Lastly, stretch ┬ábefore bed. The importance of this one is pretty self explanatory. I stretch every single night before bed because I generally have been home from the gym for a while and this is precisely when all the tightness hits. Furthermore, I like to be a bit limber before bed so I don’t pull a muscle rolling around while I sleep. Okay… that was a poorly written joke but really I don’t like the super stiff feeling I have in the morning if I don’t stretch properly at night.

Don’t over do this! I’m not suggesting you need to break out into a full on yoga session every five minutes. I’m also not saying that you should burn 10-15 minutes of your work day stretching in the afternoons. A quick 3-5 minute stretch session should get all the big muscle groups appropriately. You’ll feel generally better throughout the day, and save the big stretches for the morning and evening.

Get Outside

I understand that not everyone works in a work environment where they can take a midday stroll or walk outside. With the disappearance of the classic “smoke-break”… thank goodness… we now really have no excuse to get outside throughout the day. This is why I generally try to make it a point to go grab coffee or lunch somewhere within walking distance of my office.

Having this plan going into each day is very helpful. Yes, I know this can become an expensive habit and every frugal website/blog on the internet tells you to cut out that cup of coffee a day or to pack your own lunch. I guess if you have to save the money (something I should do more of) then make it a point to still go for a walk at lunch. Even if you just walk around the block, getting out of the office can rekindle your morning motivation and excite you about pushing through the rest of the day.

One thing that helps me is finding interesting landmarks in your area and visiting those each day.
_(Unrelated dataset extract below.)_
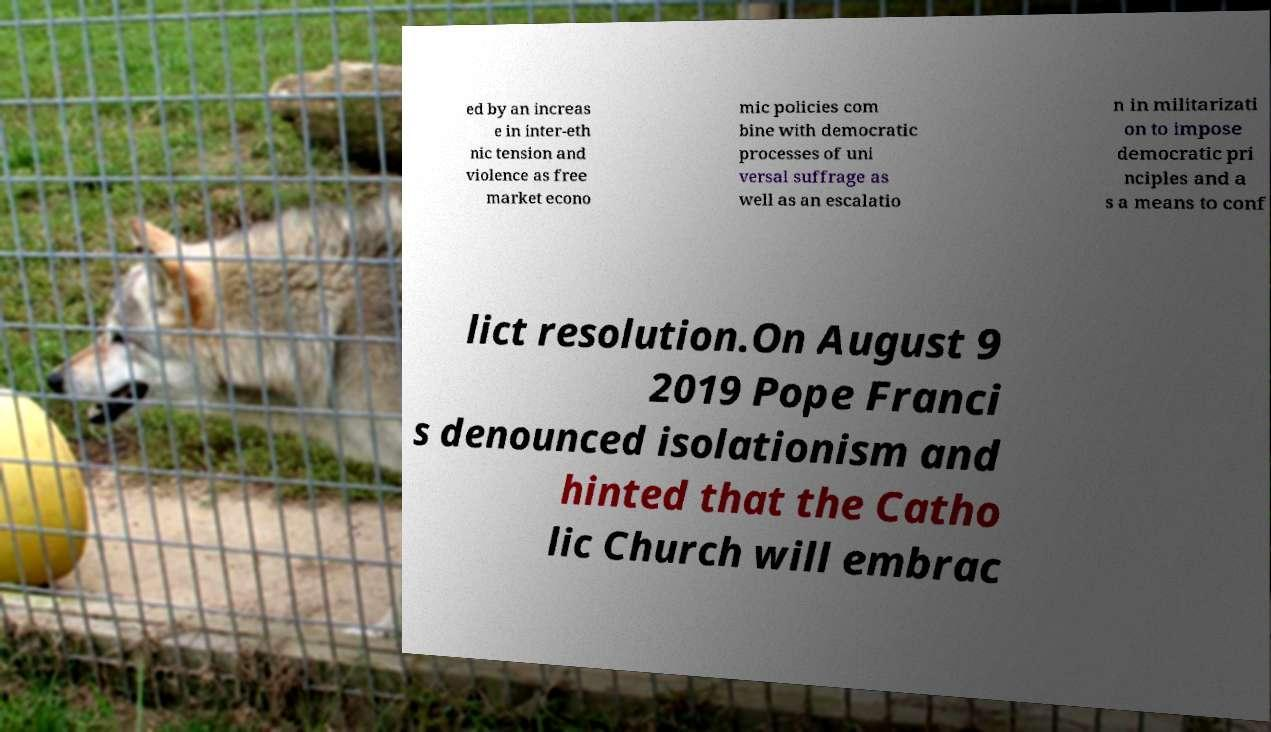Please read and relay the text visible in this image. What does it say? ed by an increas e in inter-eth nic tension and violence as free market econo mic policies com bine with democratic processes of uni versal suffrage as well as an escalatio n in militarizati on to impose democratic pri nciples and a s a means to conf lict resolution.On August 9 2019 Pope Franci s denounced isolationism and hinted that the Catho lic Church will embrac

Not everyone works in a super cool location, but if you do this should be extremely simple. Make sure you bring some decent walking shoes to work. There’s no sense in tromping around the sidewalks in brand new high heels girls, and guys I know from personal experience that my dress shoes are not exactly the best for being active.
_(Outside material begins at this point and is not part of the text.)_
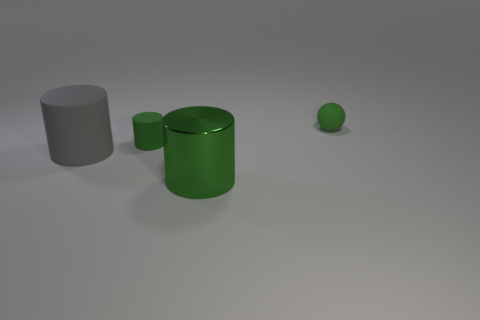Subtract all big cylinders. How many cylinders are left? 1 Add 3 yellow metallic cylinders. How many objects exist? 7 Subtract all gray cylinders. How many cylinders are left? 2 Subtract all cyan balls. How many green cylinders are left? 2 Subtract all balls. How many objects are left? 3 Add 3 tiny gray things. How many tiny gray things exist? 3 Subtract 0 green blocks. How many objects are left? 4 Subtract all blue balls. Subtract all red cylinders. How many balls are left? 1 Subtract all large yellow cylinders. Subtract all shiny cylinders. How many objects are left? 3 Add 2 tiny green objects. How many tiny green objects are left? 4

Add Natural Lighting to Your Workspace

There are many different people out there suggesting you “trick out your cubicle” or something along those lines. Personally I don’t care if my cubicle has bright blue walls, photos, and posters everywhere. It’s a business setting and I am a bit of a minimalist as far as my workspace goes so incorporating new items has to be warranted.

One item that I would deem a warranted item for your workspace is a natural lamp. You can find all sorts of these lamps on Amazon (or by clicking above) that provide some natural light to your workspace. The warmer color bulbs help to put you in a better mood. Not to mention an extra lamp can help you see your work better reducing eye strain and headaches.

I have experience a bit of glare on my computer screens from time to time, but if you adjust your lamp shade or direction a bit it should help knock that down. Also, if you really need to focus on your computer I would suggest getting one of those fancy new style lamps that has an off and on switch.


All of these things combined should contribute to an overall healthy office environment. The solutions I have offered are all things that I personally do to make office work not so monotonous throughout the day. I really suggest trying to incorporate all of these if possible, and if that’s not within your reasonable plan of action then at least try to take on one at a time. I think you’ll be amazed at the result. If I have a personal favorite to suggest, it’s getting stretch happy. Stretching is usually a focal point of my day and gives me something to look forward to as a break in the middle of my afternoon.

All of these things and cutting back on that morning caffeine intake really contribute to a healthy work environment. This definitely helps when it comes to being motivated for the gym in the afternoons as well.